M. Bouillier, généralement si impartial dans ses jugements, fait un crime à Voetius d'avoir écrit au père Mersenne, dont il ignorait les relations d'amitié avec Descartes, pour le prier d'obtenir des catholiques de France de s'unir aux calvinistes de Hollande contre un système qu'il regardait comme également pernicieux à toutes les religions. Mais il n'y a rien dans cette démarche qui ne soit conforme aux règles les plus élémentaires de la politique, et la politique religieuse est soumise aux

mêmes conditions que la politique d'État. N'a-t-on pas vu il y a quelques années parmi nous un protestant illustre joindre ses efforts à ceux du parti ultramontain pour défendre le pouvoir temporel du pape? II croyait, à tort ou à raison, toutes les Églises chrétiennes intéressées à la conservation des États du Saint-Siége, et personne ne songeait à mettre en question sa loyauté et sa bonne foi. Rien ne donne le droit de supposer que le recteur gomariste de l'université d'Utrecht n'ait pas obéi à des motifs aussi honorables.

Au reste, les successeurs de Voetius ont suivi exactement la même conduite. Voyant l'interprétation des Livres saints de plus en plus abandonnée à l'arbitraire individuel, sous l'influence ou sous le masque du cartésianisme; voyant, jusque dans les chaires de théologie, les dogmes les plus essentiels de la religion sacrifiés aux doctrines de Descartes, les synodes de Dordrecht et de Delft firent défense aux théologiens de se servir en aucune occasion d'un raisonnement ou d'un principe cartésien, et rendirent un décret aux termes duquel quiconque aurait fait acte d'adhésion à la philosophie nouvelle serait exclu des chaires de théologie et des dignités ecclésiastiques.

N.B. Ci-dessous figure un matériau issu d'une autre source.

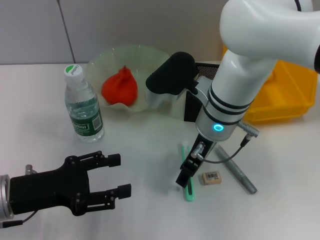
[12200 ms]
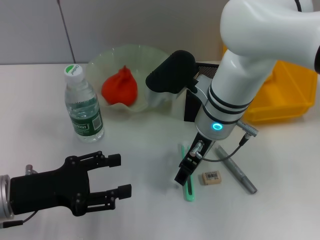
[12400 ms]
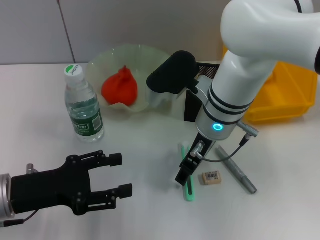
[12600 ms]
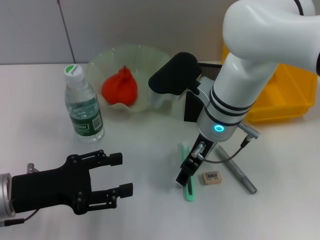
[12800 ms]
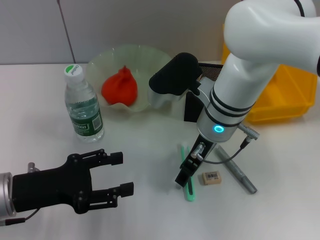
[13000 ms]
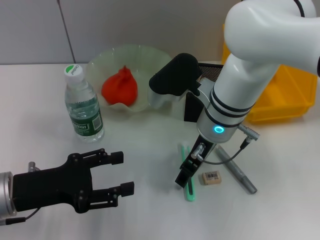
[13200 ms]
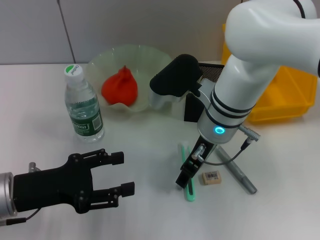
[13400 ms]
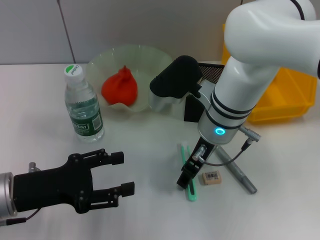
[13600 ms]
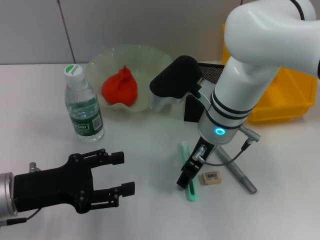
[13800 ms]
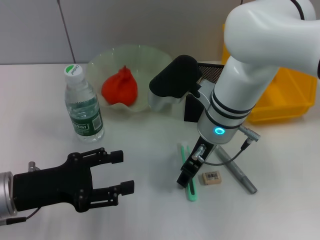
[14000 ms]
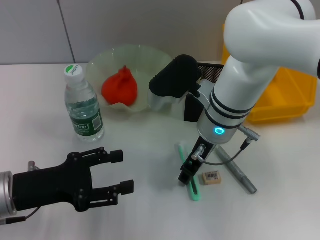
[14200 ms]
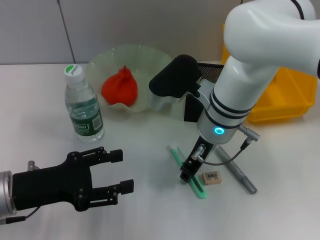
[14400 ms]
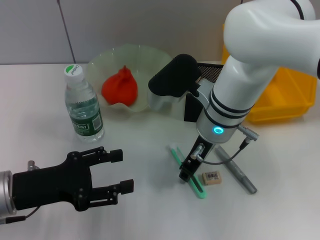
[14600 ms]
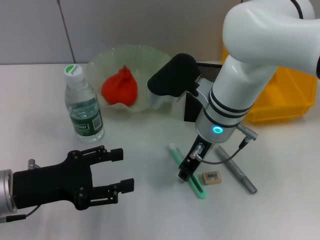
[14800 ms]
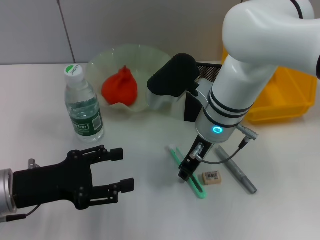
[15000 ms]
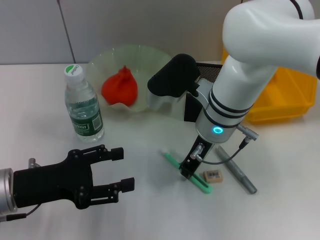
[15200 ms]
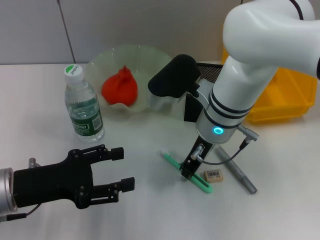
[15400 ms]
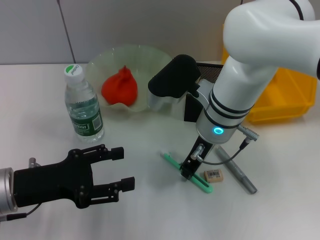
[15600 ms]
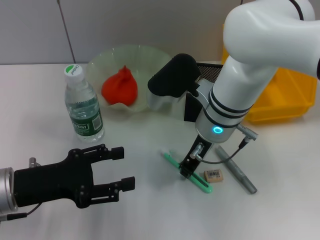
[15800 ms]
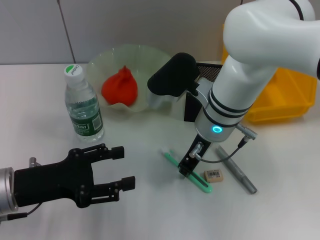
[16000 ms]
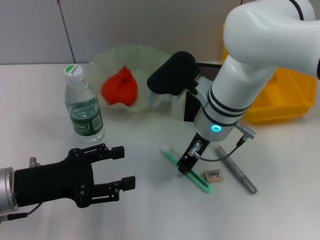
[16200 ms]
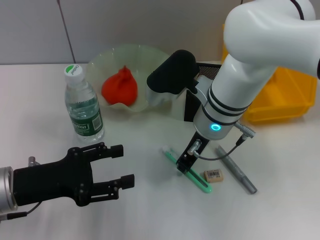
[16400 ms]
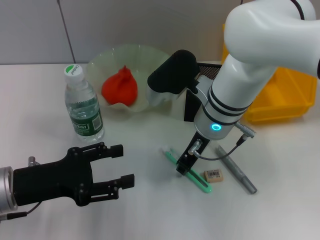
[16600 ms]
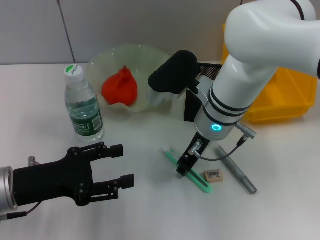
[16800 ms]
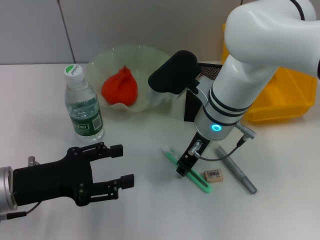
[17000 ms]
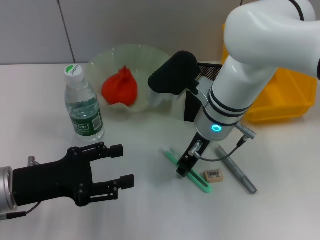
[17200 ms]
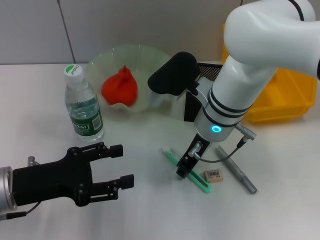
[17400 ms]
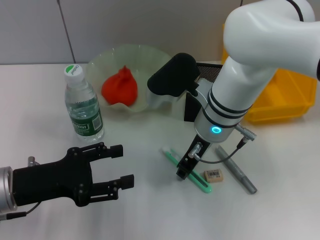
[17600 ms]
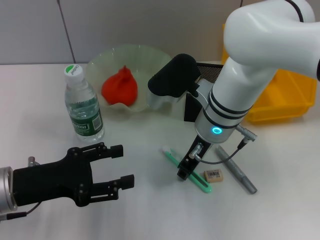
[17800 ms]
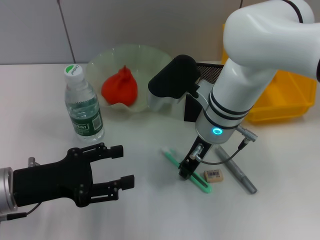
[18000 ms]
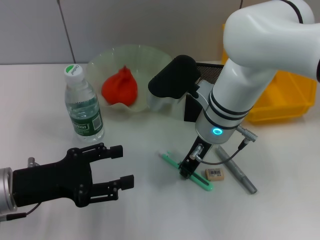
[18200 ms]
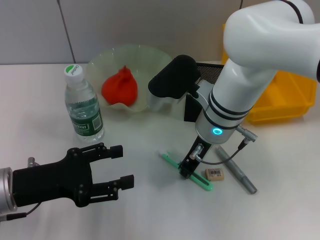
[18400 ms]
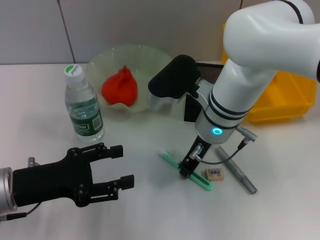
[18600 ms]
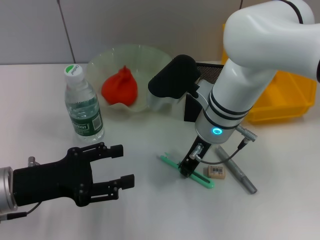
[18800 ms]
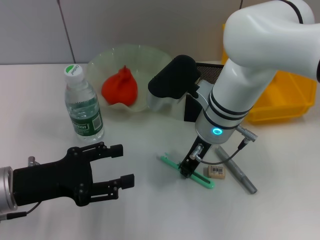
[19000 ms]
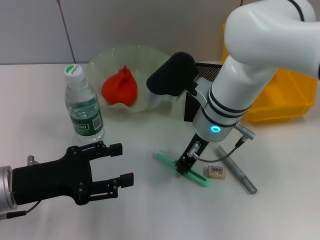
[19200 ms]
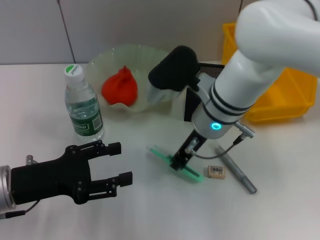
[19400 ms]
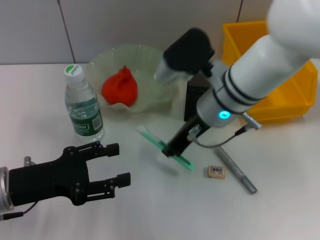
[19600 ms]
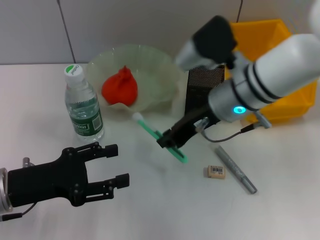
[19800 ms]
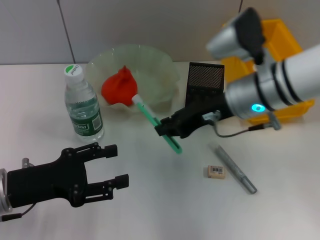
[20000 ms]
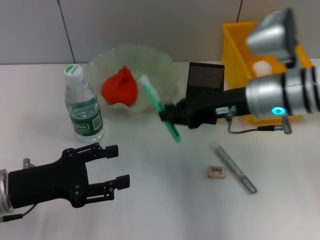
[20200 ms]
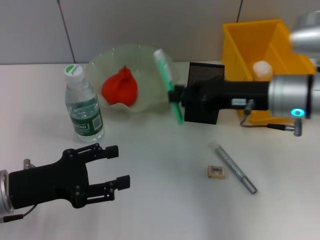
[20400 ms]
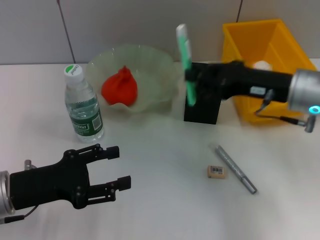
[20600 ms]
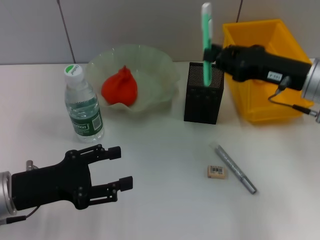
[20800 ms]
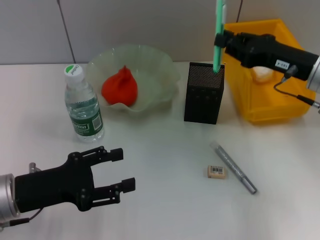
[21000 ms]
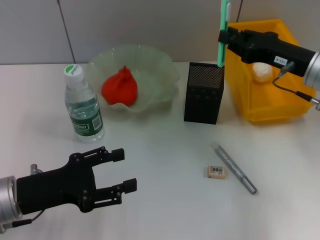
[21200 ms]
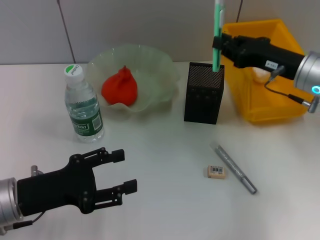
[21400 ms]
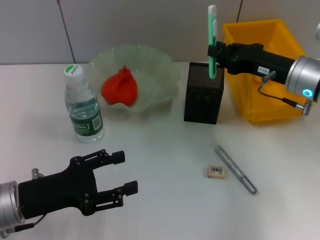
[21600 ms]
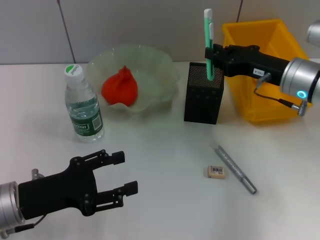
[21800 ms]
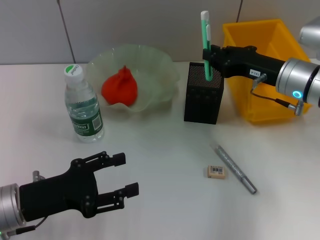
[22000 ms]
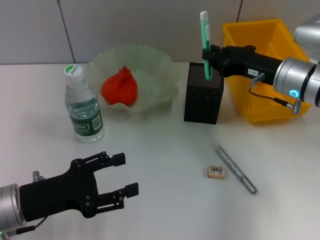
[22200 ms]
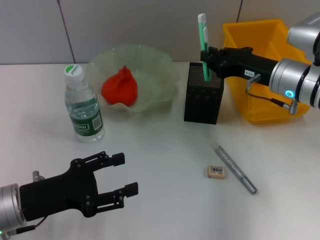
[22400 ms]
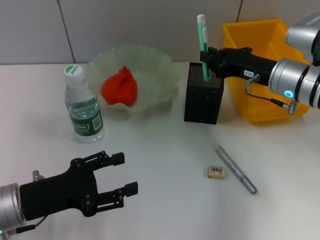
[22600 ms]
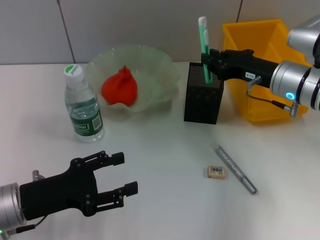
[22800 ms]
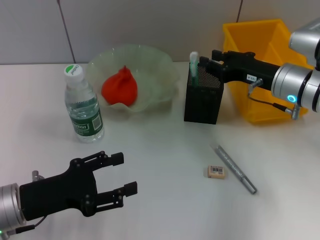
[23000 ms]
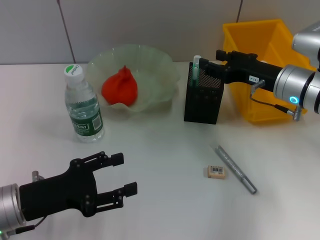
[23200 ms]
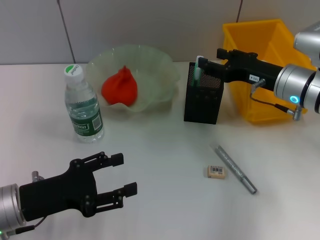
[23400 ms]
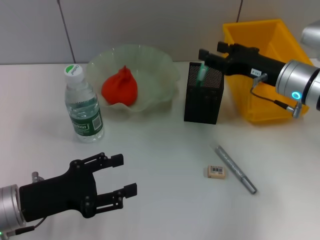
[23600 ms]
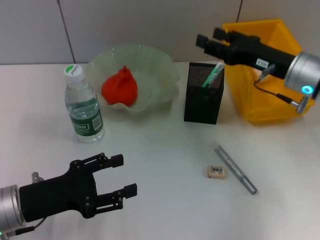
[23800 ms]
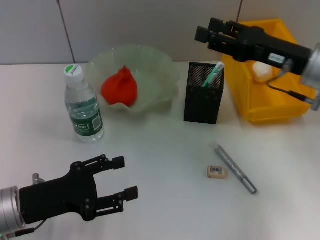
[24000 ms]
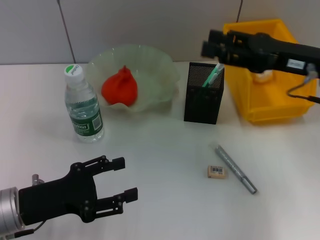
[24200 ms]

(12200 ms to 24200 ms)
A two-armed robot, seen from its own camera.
Step, 12200 ms - 18600 ms: Grab the blue utility knife with the right hand.
Step, 18800 ms - 23400 ms: Place the blue utility knife into the pen holder with the right hand.
12200 ms - 13800 ms: Both grippers stay about where they are.
13800 ms - 15200 ms: The right gripper closes.
15200 ms - 18200 ms: The two grippers keep their place.
18200 ms - 19800 ms: The right gripper moves some 5 cm.
19800 ms - 21200 ms: The right gripper goes approximately 15 cm to the right.
21200 ms - 22600 ms: The right gripper changes place by about 5 cm.
22600 ms - 24200 ms: The right gripper moves upward, approximately 5 cm, and opens.

On ne saurait en vouloir aux gens d'être conséquents avec eux-mêmes et d'agir conformément aux principes dont ils font publiquement profession. C'est le contraire qui serait regrettable, parce qu'il donnerait une médiocre opinion de la nature

humaine.

La même raison fait un devoir à l'historien de la philosophie de n'être point trop sévère pour les ennemis que le cartésianisme a rencontrés en France. La physique de Descartes est venue d'abord se heurter contre un dogme fondamental de la foi catholique, nous voulons parler du mystère de la transsubstantiation dans l'eucharistie. Avec l'ancienne doctrine, la doctrine péripatéticienne, qui fait une différence entre la substance et les accidents, entre la substance étendue et l'étendue elle-même, ainsi que ses différents modes, on pouvait dire que la substance est changée dans l'hostie consacrée, quoique les qualités sensibles, les accidents ou les modes, demeurent les mêmes. Mais, du moment que, dans la matière en général et dans chaque corps en particulier, la substance n'est pas autre chose que l'étendue, il n'y a plus de miracle, puisque, avant comme après, l'étendue est la même. Descartes, pour écarter cette objection, fait de vains efforts, il descend à des subtilités indignes de son génie. Elles n'ont pas d'autre résultat que de lui attirer des difficultés nouvelles et d'envenimer une discussion sans issue, car elle avait son origine dans un des principes fondamentaux de son système.